170 P. 306 | Or. | 1918
It is submitted by defendant that the following questions are raised by the pleadings and proof, namely:
“Were the representations made to and believed and acted upon by defendant as alleged in the answer? Was the W. E. Davidson & Co., that made the indorsement, the payee that defendant intended to make the alleged promissory note payable to? If there was no W. E. Davidson & Co., that was the owner of any of said block of stock, and the defendant only intended to deal with the owner of the block of stock, could the plaintiff, or anyone, for that matter, acquire any title to said alleged promissory note either by indorsement or otherwise ?”
“The title of a person who negotiates an instrument is defective within the meaning of this act when he obtained the instrument, or any signature thereto, by fraud, duress, or force and fear, or other unlawful means, or for an illegal consideration, or when he negotiates it in breach of faith or under such circumstances as amount to fraud.”
“That the plaintiff in this action on or about March 20, 1915, and prior to his alleged purchase of said alleged promissory note had notice and knowledge of all the matters alleged in this answer, and that plaintiff’s alleged purchase of said alleged promissory note set forth in plaintiff’s complaint was and is made for the purpose of assisting and aiding the said L. E. Bedwell and Lawrence Keyt in the collection and enforcing of the alleged promissory note set forth in plaintiff’s complaint and for no other purpose.”
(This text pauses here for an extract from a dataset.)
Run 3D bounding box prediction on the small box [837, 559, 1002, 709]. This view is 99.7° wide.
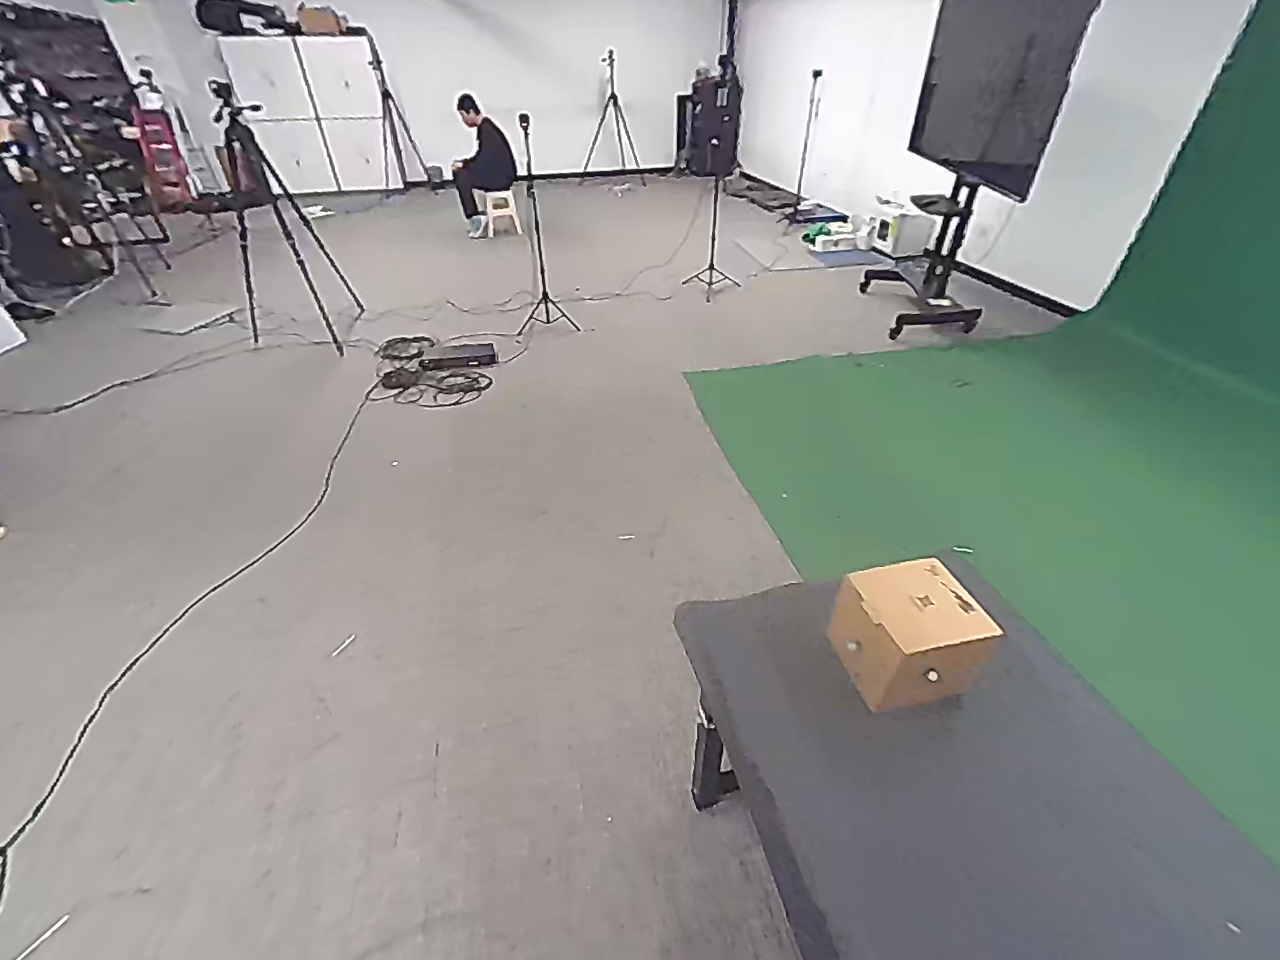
[{"bbox_3d":[0.453,0.262,0.916,0.179,0.176,0.168,-9,39,-9],"label":"small box"}]

“A holder in due course is a holder who has taken the instrument under the following conditions: (1) that it is complete and regular upon its face; (2) that he became the holder of it before it was overdue, and without notice that it had been previously dishonored, if such was the fact; (3) that he took it in good faith and for value; (4) that at the time it was negotiated to him he had no notice of any infirmity in the instrument or defect in the title of the person negotiating it.”
Section 5892 reads thus:
‘ ‘ Every holder is deemed prima facie to be a holder in due course; but when it is shown that the title of any person who has negotiated the instrument was defective, the burden is on the holder to prove that he, or some person under whom he claims, acquired the title as a holder in due course; but the last-mentioned rule does not apply in favor of a party who became bound on the instrument prior to the acquisition of such defective title.”
It is enacted by Section 5889:
“To constitute notice of an infirmity in the instrument or defect in the title of the person negotiating the same, the person to whom it is negotiated must*305 have had actual knowledge of the infirmity or defect, or knowledge of such facts that his action in taking the instrument amounted to bad faith”: See 3 R. C. L., p. 1066, § 271.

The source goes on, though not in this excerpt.